Your assignment: Every entry below should be printed exactly, without its images.

Provided data:
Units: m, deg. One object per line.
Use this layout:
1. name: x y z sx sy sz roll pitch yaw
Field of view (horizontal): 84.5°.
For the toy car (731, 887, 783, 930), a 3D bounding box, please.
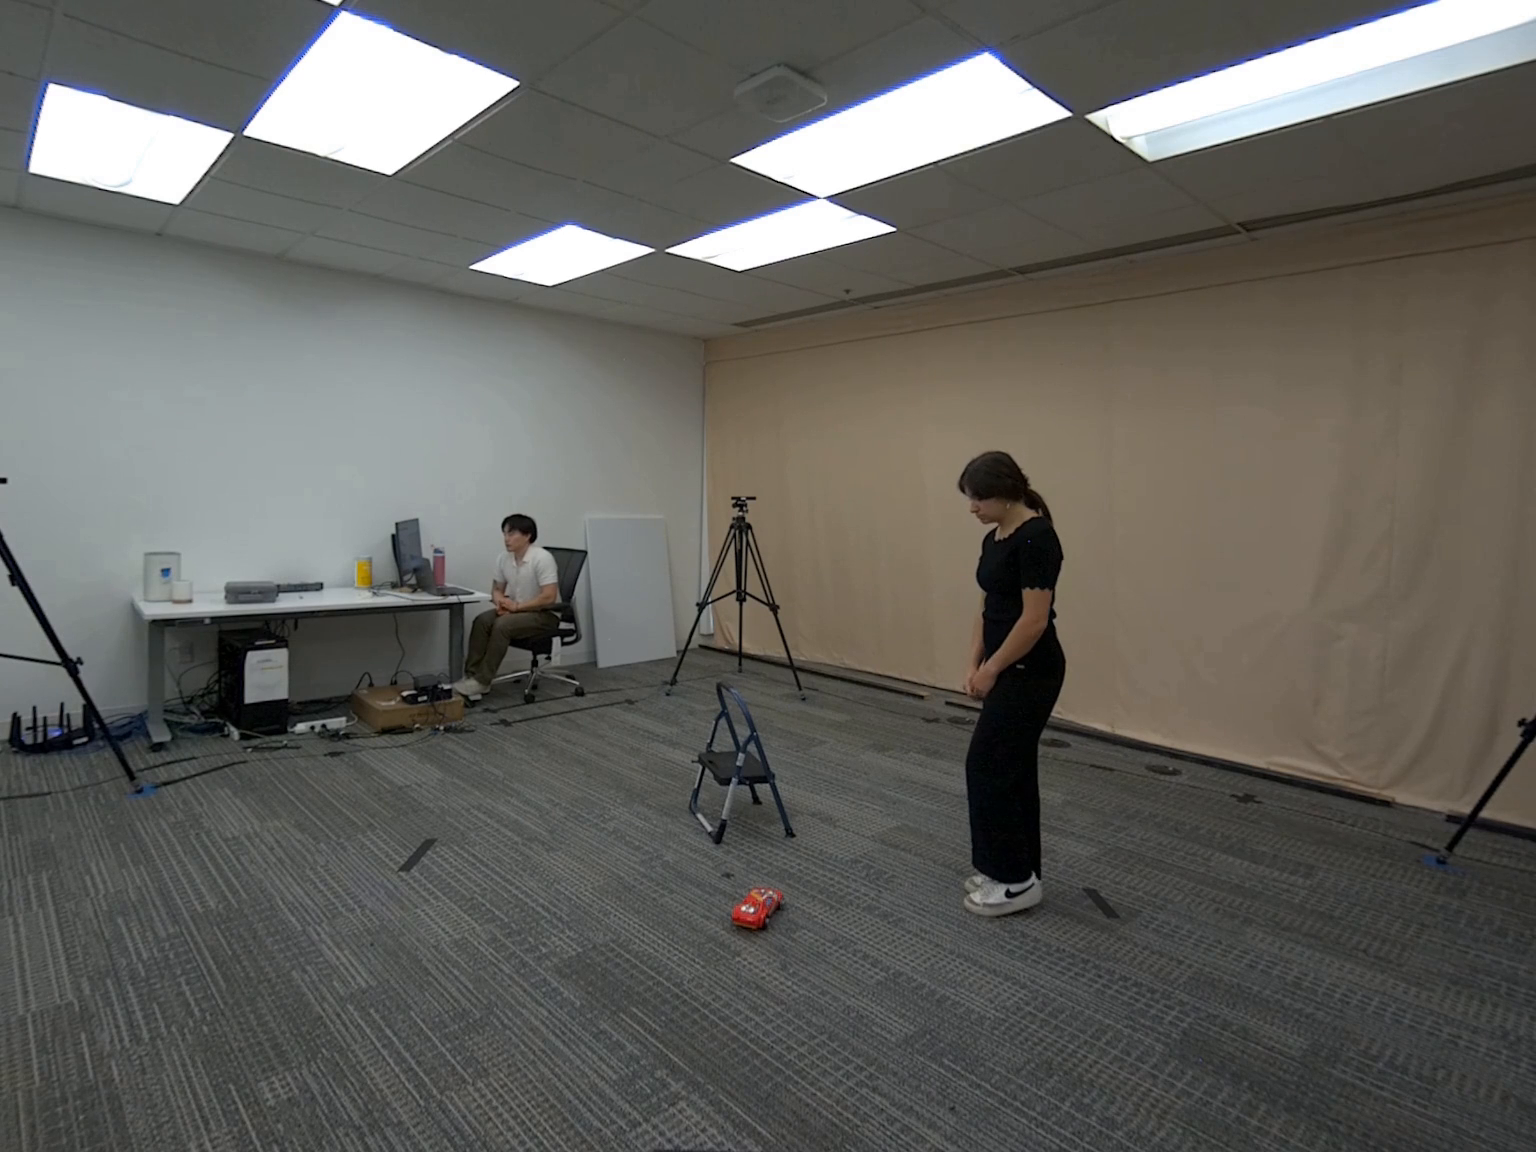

Worked solution:
Units: m, deg. One object per line.
Use this layout:
1. name: x y z sx sy sz roll pitch yaw
Field of view (horizontal): 84.5°.
For the toy car (731, 887, 783, 930), a 3D bounding box, please.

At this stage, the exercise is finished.